Additional studies revealed that NM ruptures were absent in medial SMCs of Lmna^G609G/G609G mice at 6 weeks of age (0/7 mice) but were easily detectable at 7 weeks, although at a low frequency (5/5 mice). NM ruptures were also observed in older Lmna^G609G/+ mice (Supplemental Figure 7, A and B).

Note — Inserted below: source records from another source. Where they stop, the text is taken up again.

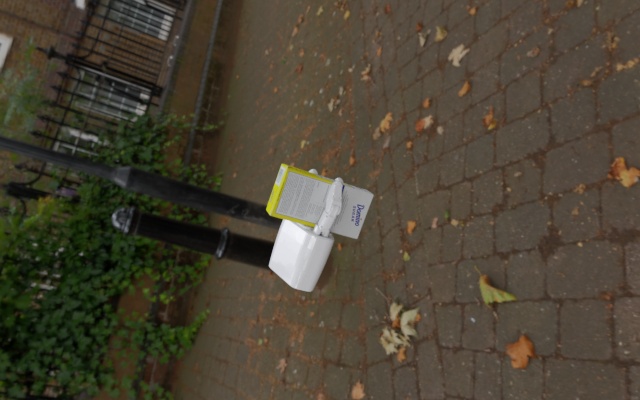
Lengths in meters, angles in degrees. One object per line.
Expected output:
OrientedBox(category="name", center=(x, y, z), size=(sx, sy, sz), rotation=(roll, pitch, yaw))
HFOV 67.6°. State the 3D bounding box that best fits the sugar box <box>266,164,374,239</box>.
OrientedBox(category="sugar box", center=(0.000, 0.003, 0.872), size=(0.176, 0.093, 0.048), rotation=(17, 9, -23))
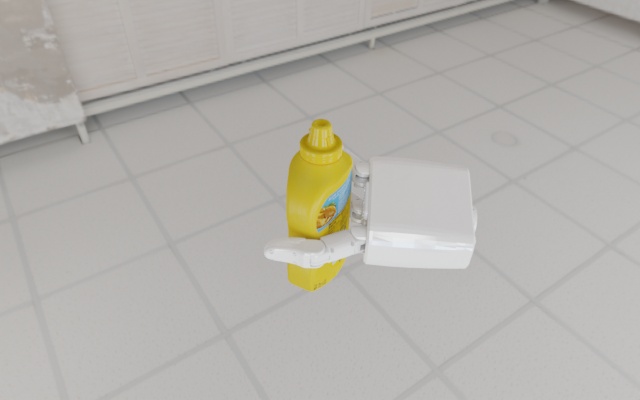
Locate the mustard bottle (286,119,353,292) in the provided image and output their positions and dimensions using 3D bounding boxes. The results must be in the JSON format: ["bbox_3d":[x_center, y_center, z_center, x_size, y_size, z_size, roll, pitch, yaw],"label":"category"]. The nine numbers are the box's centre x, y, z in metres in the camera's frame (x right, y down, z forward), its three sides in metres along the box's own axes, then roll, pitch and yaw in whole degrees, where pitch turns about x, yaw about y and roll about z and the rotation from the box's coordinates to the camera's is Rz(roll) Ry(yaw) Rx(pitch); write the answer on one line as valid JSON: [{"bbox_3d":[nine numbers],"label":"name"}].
[{"bbox_3d":[0.000,0.002,0.499,0.058,0.192,0.096,21,45,21],"label":"mustard bottle"}]
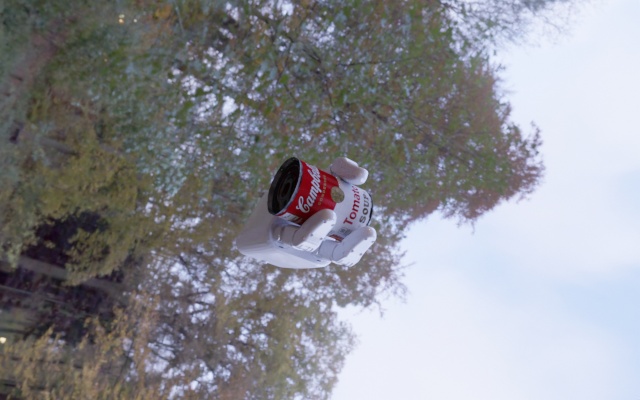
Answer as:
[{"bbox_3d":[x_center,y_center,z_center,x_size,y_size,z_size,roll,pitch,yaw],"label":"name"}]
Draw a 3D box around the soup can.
[{"bbox_3d":[0.001,0.002,0.541,0.102,0.068,0.068,24,-12,-28],"label":"soup can"}]
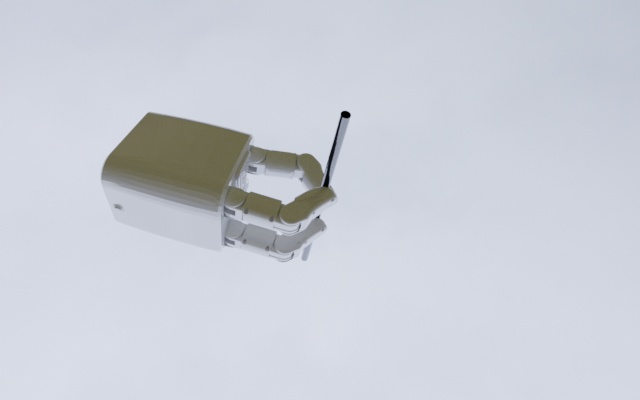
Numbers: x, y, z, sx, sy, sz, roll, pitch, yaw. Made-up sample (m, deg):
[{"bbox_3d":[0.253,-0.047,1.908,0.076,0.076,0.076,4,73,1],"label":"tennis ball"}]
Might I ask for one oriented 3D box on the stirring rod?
[{"bbox_3d":[0.000,0.001,0.453,0.011,0.011,0.240,0,-33,-11],"label":"stirring rod"}]

The onset of NM ruptures in Lmna^G609G/G609G mice coincided with the onset of ultrastructural pathology in SMC nuclei (12), as judged by electron microscopy. At 4 and 6 weeks, the morphology of medial SMCs in Lmna^G609G/G609G mice was normal by electron microscopy, indistinguishable from the SMCs in WT mice. By 8 weeks, however, intranuclear tubules (the same structures described as intranuclear vesicles in ref. 12) were detected in aortic SMCs of Lmna^G609G/G609G mice (Supplemental Figure 7C). Intimal endothelial cells were entirely normal. By electron microscopy, there were no abnormalities in SMCs of the urinary bladder in 8- and 16-week-old Lmna^G609G/G609G mice, nor were there nuclear abnormalities in the heart, quadriceps, or kidney (Supplemental Figure 7D).

Discussion

The hallmark of large artery lesions in HGPS is loss of medial SMCs (40), but for years the mechanism has been elusive. In the current study, we found that progerin expression in SMCs, combined with physiologically low levels of lamin B1, trigger NM ruptures, abnormal nuclear morphology, and SMC death. Our findings in progerin-transfected cultured SMCs and aortic SMCs of Lmna^G609G mice were concordant. In cultured SMCs, progerin expression — at levels matching those in aortas of Lmna^G609G/+ mice — results in NM ruptures, DNA damage, activation of the cGAS-STING pathway, and cell death. The frequency of NM ruptures in SMCs increased with increasing levels of progerin expression. Reducing lamin B1 expression in progerin-expressing SMCs (so as to mirror the physiologically low levels of lamin B1 in aortic SMCs) and subjecting SMCs to uniaxial stretching (so as to mimic the pulsatile stretching of the aortic wall) increased the number of NM ruptures. Conversely, increasing lamin B1 expression or interfering with the transmission of cytoskeletal forces to the cell nucleus reduced NM ruptures. De Vos and colleagues (30) previously identified NM ruptures in transiently transfected human fibroblasts expressing EGFP-tagged progerin, but the incidence of NM ruptures in cells transfected with a control plasmid (e.g., EGFP-prelamin A) was not determined. The relevance of our cell culture findings to living animals was established by examining the medial SMCs in aortas of Lmna^G609G/G609G mice. In those mice, the expression of progerin in aortic SMCs, combined with very low levels of lamin B1, was accompanied by frequent NM ruptures. The onset of NM ruptures in aortic SMCs was at 7 weeks of age, preceding SMC loss.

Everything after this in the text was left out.